Ve söylemde gelen idamın şehvetiyle ıslanmaya başladık.
Mesele derin, hukuki izahları da geniş, ama halkın bilmesine yeter ölçüde kısaca;
-Devletin cezalandırma ve af yetkisi vardır.
-Yasa koyucunun suç ve ceza koyma yetkisi vardır.
-Anayasada öngörülen şekil ve nisapla TBMM yetkilidir.
İdam teknik bakımdan hukuki bir ceza değildir.
Zira ceza/landırma/nın amacı faili yok etmek değil, bozulan kamu düzenini tamir etmektir.
Ceza normunun 2 temel fonksiyonu vardır;
1-Genel Önleyicilik
- Suç sayılan eylemleri ve cezalarını önceden sayar ve işlersen cezalandırırım der ve herkesi uyarır.
2-Özel Önleyicilik
-Suç işleyeni de adil biçimde yargılar cezaevine atar özgürlüğünü kısıtlar. İbreti müessire der buna eskiler.
(Cezaların infazı da insan onuruna aykırı olamaz, bu konuda Venedik Komisyonu(1990) ilkelerine uygunluk esastır, biz de üyeyiz)
Amacı suç işleyenin insan olmaya devam ettiği gerçeğinden hareketle onu yok etme değil ıslah etmedir.
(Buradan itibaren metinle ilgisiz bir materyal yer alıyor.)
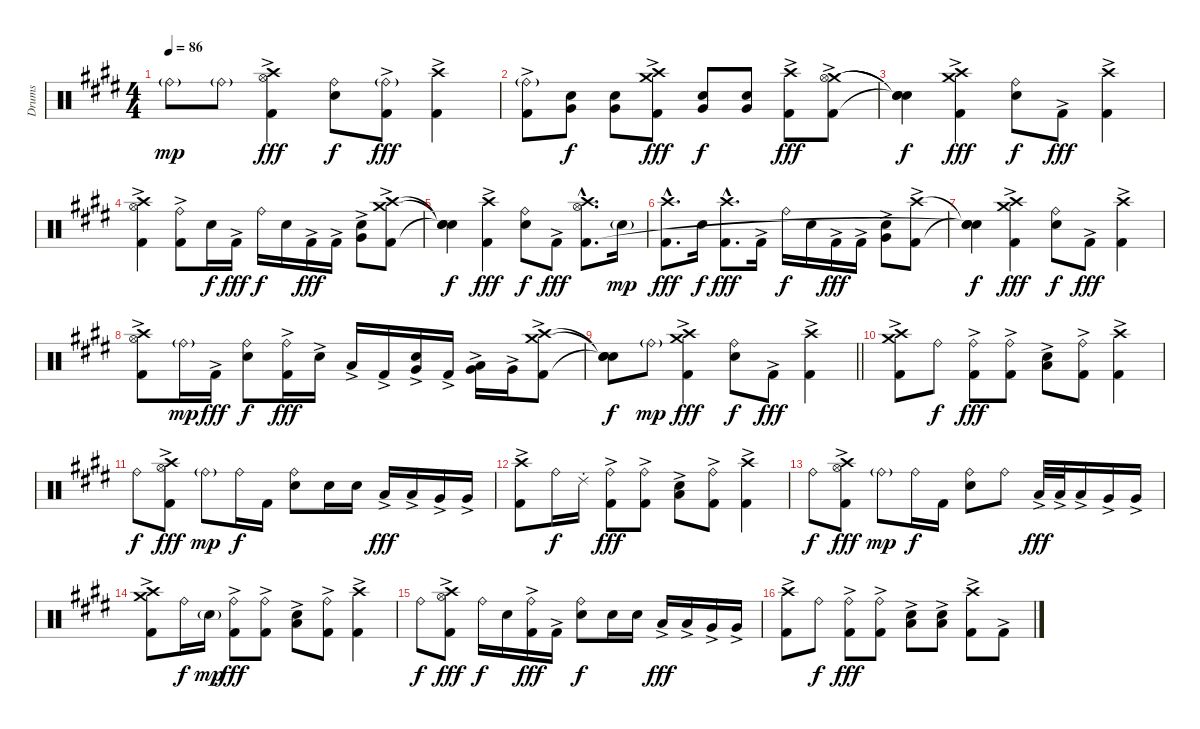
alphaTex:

\track ("Drums" "Drums") {instrument percussion}
\staff {score}
\articulation defaults
\ts (4 4)
\tempo 86
\clef neutral
\ks c#minor "Ride (bell)"{g}.8{dy mp} "Ride (bell)"{g}.8
("Crash high (hit)" "Hi-Hat (open)" "Kick (hit) 2"{ac}).4{dy fff} ("Ride (bell)" "Snare (hit) 2").8{dy f} ("Ride (bell)"{g} "Kick (hit) 2"{ac}).8{dy fff} ("Crash high (hit)" "Kick (hit) 2"{ac}).4 |
("Ride (bell)"{g} "Kick (hit) 2"{ac}).8 ("Snare (hit) 2" "Very Low Tom (hit)").8{dy f} ("Snare (hit) 2" "Very Low Tom (hit)").8 ("Crash high (hit)" "Crash medium (hit)" "Kick (hit) 2"{ac}).8{dy fff} ("Snare (hit) 2" "Very Low Tom (hit)").8{dy f} ("Snare (hit) 2" "Very Low Tom (hit)").8 ("Crash high (hit)" "Kick (hit) 2"{ac}).8{dy fff} ("Crash medium (hit)" "Hi-Hat (open)" "Kick (hit) 2"{ac}).8 |
("Snare (hit)"{t} "Snare (hit)"{t} "Snare (hit)"{t}).4{dy f} ("Crash high (hit)" "Crash medium (hit)" "Kick (hit) 2"{ac}).4{dy fff} ("Ride (bell)" "Snare (hit) 2").8{dy f} "Kick (hit) 2"{ac}.8{dy fff} ("Crash high (hit)" "Kick (hit) 2"{ac}).4 |
("Crash high (hit)" "Hi-Hat (open)" "Kick (hit) 2"{ac}).4 ("Ride (bell)" "Kick (hit) 2"{ac}).8 "Snare (hit) 2".16{dy f} "Kick (hit) 2"{ac}.16{dy fff} "Ride (bell)".16{dy f} "Snare (hit) 2".16 "Kick (hit) 2"{ac}.16{dy fff} "Kick (hit) 2"{ac}.16 ("Snare (hit) 2"{ac} "Very Low Tom (hit)"{ac}).8 ("Crash high (hit)" "Crash medium (hit)" "Kick (hit) 2"{ac}).8 |
("Snare (hit)"{t} "Snare (hit)"{t} "Snare (hit)"{t}).4{dy f} ("Crash high (hit)" "Kick (hit) 2"{ac}).4{dy fff} ("Ride (bell)" "Snare (hit) 2").8{dy f} "Kick (hit) 2"{ac}.8{dy fff} ("Crash high (hit)"{hac} "Hi-Hat (open)"{hac} "Kick (hit) 2"{hac}).8{d} "Snare (hit) 2"{g}.16{dy mp} |
("Crash high (hit)"{hac} "Kick (hit) 2"{hac}).8{d dy fff} "Snare (hit) 2".16{dy f} ("Crash high (hit)"{hac} "Kick (hit) 2"{hac}).8{d dy fff} "Kick (hit) 2"{ac}.16 "Ride (bell)".16{dy f} "Snare (hit) 2".16 "Kick (hit) 2"{ac}.16{dy fff} "Kick (hit) 2"{ac}.16 ("Snare (hit) 2" "Very Low Tom (hit)"{ac}).8 ("Crash high (hit)" "Kick (hit) 2"{ac}).8 |
("Snare (hit)"{t} "Snare (hit)"{t} "Snare (hit)"{t}).4{dy f} ("Crash high (hit)" "Crash medium (hit)" "Kick (hit) 2"{ac}).4{dy fff} ("Ride (bell)" "Snare (hit) 2").8{dy f} "Kick (hit) 2"{ac}.8{dy fff} ("Crash high (hit)" "Kick (hit) 2"{ac}).4 |
("Crash high (hit)" "Hi-Hat (open)" "Kick (hit) 2"{ac}).8 "Ride (bell)"{g}.16{dy mp} "Kick (hit) 2"{ac}.16{dy fff} ("Ride (bell)" "Snare (hit) 2").8{dy f} ("Ride (bell)" "Kick (hit) 2"{ac}).16{dy fff} "Snare (hit) 2"{ac}.16 "Low Tom (hit)"{ac}.16 "Kick (hit) 2"{ac}.16 ("Snare (hit) 2"{ac} "Very Low Tom (hit)"{ac}).16 "Kick (hit) 2"{ac}.16 ("Very Low Tom (hit)"{ac} "Low Floor Tom (hit)"{ac}).16 "Very Low Tom (hit)"{ac}.16 ("Crash high (hit)" "Crash medium (hit)" "Kick (hit) 2"{ac}).8 |
\barLineRight lightlight
("Snare (hit)"{t} "Snare (hit)"{t} "Snare (hit)"{t}).8{dy f} "Ride (bell)"{g}.8{dy mp} ("Crash high (hit)" "Crash medium (hit)" "Kick (hit) 2"{ac}).4{dy fff} ("Ride (bell)" "Snare (hit) 2").8{dy f} "Kick (hit) 2"{ac}.8{dy fff} ("Crash high (hit)" "Kick (hit) 2"{ac}).4 |
("Crash high (hit)" "Crash medium (hit)" "Kick (hit) 2"{ac}).8 "Ride (bell)".8{dy f} ("Ride (bell)" "Kick (hit) 2"{ac}).8{dy fff} ("Ride (bell)" "Kick (hit) 2"{ac}).8 ("Snare (hit) 2" "Low Tom (hit)"{ac}).8 ("Ride (bell)" "Kick (hit) 2"{ac}).8 ("Crash high (hit)" "Kick (hit) 2"{ac}).4 |
"Ride (bell)".8{dy f} ("Crash high (hit)" "Hi-Hat (open)" "Kick (hit) 2"{ac}).8{dy fff} "Ride (bell)"{g}.8{dy mp} "Ride (bell)".16{dy f} "Kick (hit) 2".16 ("Ride (bell)" "Snare (hit) 2").8 "Snare (hit) 2".16 "Snare (hit) 2".16 "Low Tom (hit)"{ac}.16{dy fff} "Low Tom (hit)"{ac}.16 "Very Low Tom (hit)"{ac}.16 "Very Low Tom (hit)"{ac}.16 |
("Crash high (hit)" "Kick (hit) 2"{ac}).8 "Ride (bell)".16{dy f} "Ride (choke) 2".16 ("Ride (bell)" "Kick (hit) 2"{ac}).8{dy fff} ("Ride (bell)" "Kick (hit) 2"{ac}).8 ("Snare (hit) 2" "Low Tom (hit)"{ac}).8 ("Ride (bell)" "Kick (hit) 2"{ac}).8 ("Crash high (hit)" "Kick (hit) 2"{ac}).4 |
"Ride (bell)".8{dy f} ("Crash high (hit)" "Hi-Hat (open)" "Kick (hit) 2"{ac}).8{dy fff} "Ride (bell)"{g}.8{dy mp} "Ride (bell)".16{dy f} "Kick (hit) 2".16 ("Ride (bell)" "Snare (hit) 2").8 "Ride (bell)".8 "Low Tom (hit)"{ac}.32{dy fff} "Low Tom (hit)"{ac}.32 "Low Tom (hit)"{ac}.16 "Very Low Tom (hit)"{ac}.16 "Very Low Tom (hit)"{ac}.16 |
("Crash high (hit)" "Crash medium (hit)" "Kick (hit) 2"{ac}).8 "Ride (bell)".16{dy f} "Snare (hit) 2"{g}.16{dy mp} ("Ride (bell)" "Kick (hit) 2"{ac}).8{dy fff} ("Ride (bell)" "Kick (hit) 2"{ac}).8 ("Snare (hit) 2" "Low Tom (hit)"{ac}).8 ("Ride (bell)" "Kick (hit) 2"{ac}).8 ("Crash high (hit)" "Kick (hit) 2"{ac}).4 |
"Ride (bell)".8{dy f} ("Crash high (hit)" "Hi-Hat (open)" "Kick (hit) 2"{ac}).8{dy fff} "Ride (bell)".16{dy f} "Snare (hit) 2".16 ("Ride (bell)" "Kick (hit) 2"{ac}).16{dy fff} "Kick (hit) 2"{ac}.16 ("Ride (bell)" "Snare (hit) 2").8{dy f} "Snare (hit) 2".16 "Snare (hit) 2".16 "Low Tom (hit)"{ac}.16{dy fff} "Low Tom (hit)"{ac}.16 "Very Low Tom (hit)"{ac}.16 "Very Low Tom (hit)"{ac}.16 |
("Crash high (hit)" "Kick (hit) 2"{ac}).8 "Ride (bell)".8{dy f} ("Ride (bell)" "Kick (hit) 2"{ac}).8{dy fff} ("Ride (bell)" "Kick (hit) 2"{ac}).8 ("Snare (hit) 2" "Low Tom (hit)"{ac}).8 ("Snare (hit) 2" "Low Tom (hit)"{ac}).8 ("Crash high (hit)" "Kick (hit) 2"{ac}).8 "Kick (hit) 2"{ac}.8

Çünkü devlet öldürmez yaşatır!
İdam cezasını infaz ettiğinizde yani astığınızda adam ölür ortada ıslah edilecek kimse kalmaz.
Bu yüzden çağdaş hukuk sistemlerinde idama yer verilmez.
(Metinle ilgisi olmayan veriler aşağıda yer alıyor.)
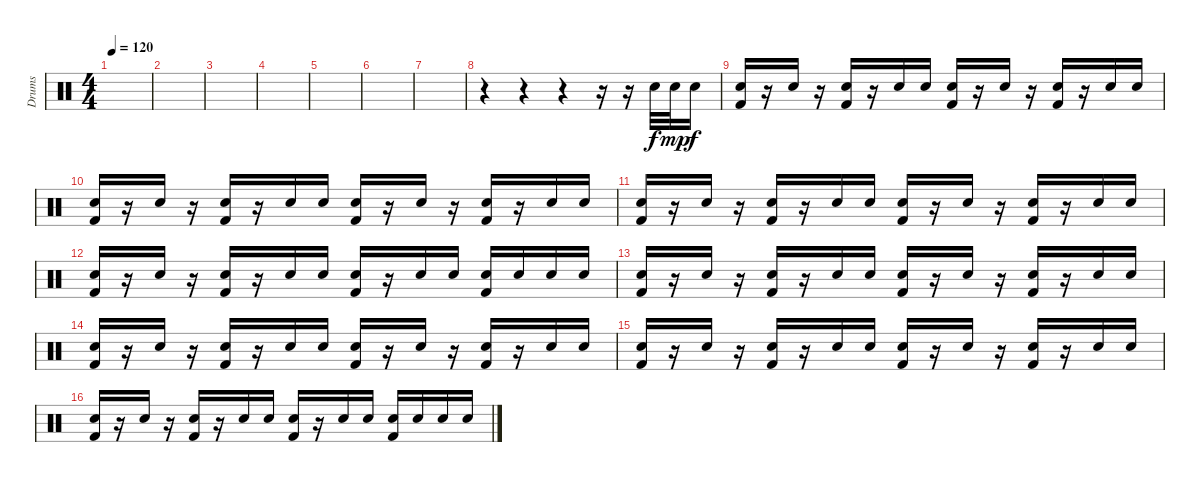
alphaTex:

\track ("Drums" "Drums") {instrument percussion}
\staff {score}
\articulation defaults
\ts (4 4)
\tempo 120
\clef neutral
\ks c
|
|
|
|
|
|
|
r.4 r.4 r.4 r.16 r.16 "Electric Snare (hit)".32 "Electric Snare (hit)".32{dy mp} "Electric Snare (hit)".16{dy f} |
("Electric Snare (hit)" "Kick (hit) 2").16 r.16 "Electric Snare (hit)".16 r.16 ("Electric Snare (hit)" "Kick (hit) 2").16 r.16 "Electric Snare (hit)".16 "Electric Snare (hit)".16 ("Electric Snare (hit)" "Kick (hit) 2").16 r.16 "Electric Snare (hit)".16 r.16 ("Electric Snare (hit)" "Kick (hit) 2").16 r.16 "Electric Snare (hit)".16 "Electric Snare (hit)".16 |
("Electric Snare (hit)" "Kick (hit) 2").16 r.16 "Electric Snare (hit)".16 r.16 ("Electric Snare (hit)" "Kick (hit) 2").16 r.16 "Electric Snare (hit)".16 "Electric Snare (hit)".16 ("Electric Snare (hit)" "Kick (hit) 2").16 r.16 "Electric Snare (hit)".16 r.16 ("Electric Snare (hit)" "Kick (hit) 2").16 r.16 "Electric Snare (hit)".16 "Electric Snare (hit)".16 |
("Electric Snare (hit)" "Kick (hit) 2").16 r.16 "Electric Snare (hit)".16 r.16 ("Electric Snare (hit)" "Kick (hit) 2").16 r.16 "Electric Snare (hit)".16 "Electric Snare (hit)".16 ("Electric Snare (hit)" "Kick (hit) 2").16 r.16 "Electric Snare (hit)".16 r.16 ("Electric Snare (hit)" "Kick (hit) 2").16 r.16 "Electric Snare (hit)".16 "Electric Snare (hit)".16 |
("Electric Snare (hit)" "Kick (hit) 2").16 r.16 "Electric Snare (hit)".16 r.16 ("Electric Snare (hit)" "Kick (hit) 2").16 r.16 "Electric Snare (hit)".16 "Electric Snare (hit)".16 ("Electric Snare (hit)" "Kick (hit) 2").16 r.16 "Electric Snare (hit)".16 "Electric Snare (hit)".16 ("Electric Snare (hit)" "Kick (hit) 2").16 "Electric Snare (hit)".16 "Electric Snare (hit)".16 "Electric Snare (hit)".16 |
("Electric Snare (hit)" "Kick (hit) 2").16 r.16 "Electric Snare (hit)".16 r.16 ("Electric Snare (hit)" "Kick (hit) 2").16 r.16 "Electric Snare (hit)".16 "Electric Snare (hit)".16 ("Electric Snare (hit)" "Kick (hit) 2").16 r.16 "Electric Snare (hit)".16 r.16 ("Electric Snare (hit)" "Kick (hit) 2").16 r.16 "Electric Snare (hit)".16 "Electric Snare (hit)".16 |
("Electric Snare (hit)" "Kick (hit) 2").16 r.16 "Electric Snare (hit)".16 r.16 ("Electric Snare (hit)" "Kick (hit) 2").16 r.16 "Electric Snare (hit)".16 "Electric Snare (hit)".16 ("Electric Snare (hit)" "Kick (hit) 2").16 r.16 "Electric Snare (hit)".16 r.16 ("Electric Snare (hit)" "Kick (hit) 2").16 r.16 "Electric Snare (hit)".16 "Electric Snare (hit)".16 |
("Electric Snare (hit)" "Kick (hit) 2").16 r.16 "Electric Snare (hit)".16 r.16 ("Electric Snare (hit)" "Kick (hit) 2").16 r.16 "Electric Snare (hit)".16 "Electric Snare (hit)".16 ("Electric Snare (hit)" "Kick (hit) 2").16 r.16 "Electric Snare (hit)".16 r.16 ("Electric Snare (hit)" "Kick (hit) 2").16 r.16 "Electric Snare (hit)".16 "Electric Snare (hit)".16 |
("Electric Snare (hit)" "Kick (hit) 2").16 r.16 "Electric Snare (hit)".16 r.16 ("Electric Snare (hit)" "Kick (hit) 2").16 r.16 "Electric Snare (hit)".16 "Electric Snare (hit)".16 ("Electric Snare (hit)" "Kick (hit) 2").16 r.16 "Electric Snare (hit)".16 "Electric Snare (hit)".16 ("Electric Snare (hit)" "Kick (hit) 2").16 "Electric Snare (hit)".16 "Electric Snare (hit)".16 "Electric Snare (hit)".16

Bizde de 2002 yılına kadar vardı. Ama 1984'den beri infaz edilmiyordu.
Temmuz-2002'de 57. Hükumet (DSP-MHP-ANAP) döneminde TBMM çoğunluğunca ceza mevzuatımızdan kaldırıldı.
Mayıs-2004'de de anayasadan kaldırıldı.
Yani AKP döneminde.
İşin garibi kaldıranlar bugün ortaklar. Toplumun gazını alma amaçlı idamı getirecekmiş gibi hava pompalıyorlar.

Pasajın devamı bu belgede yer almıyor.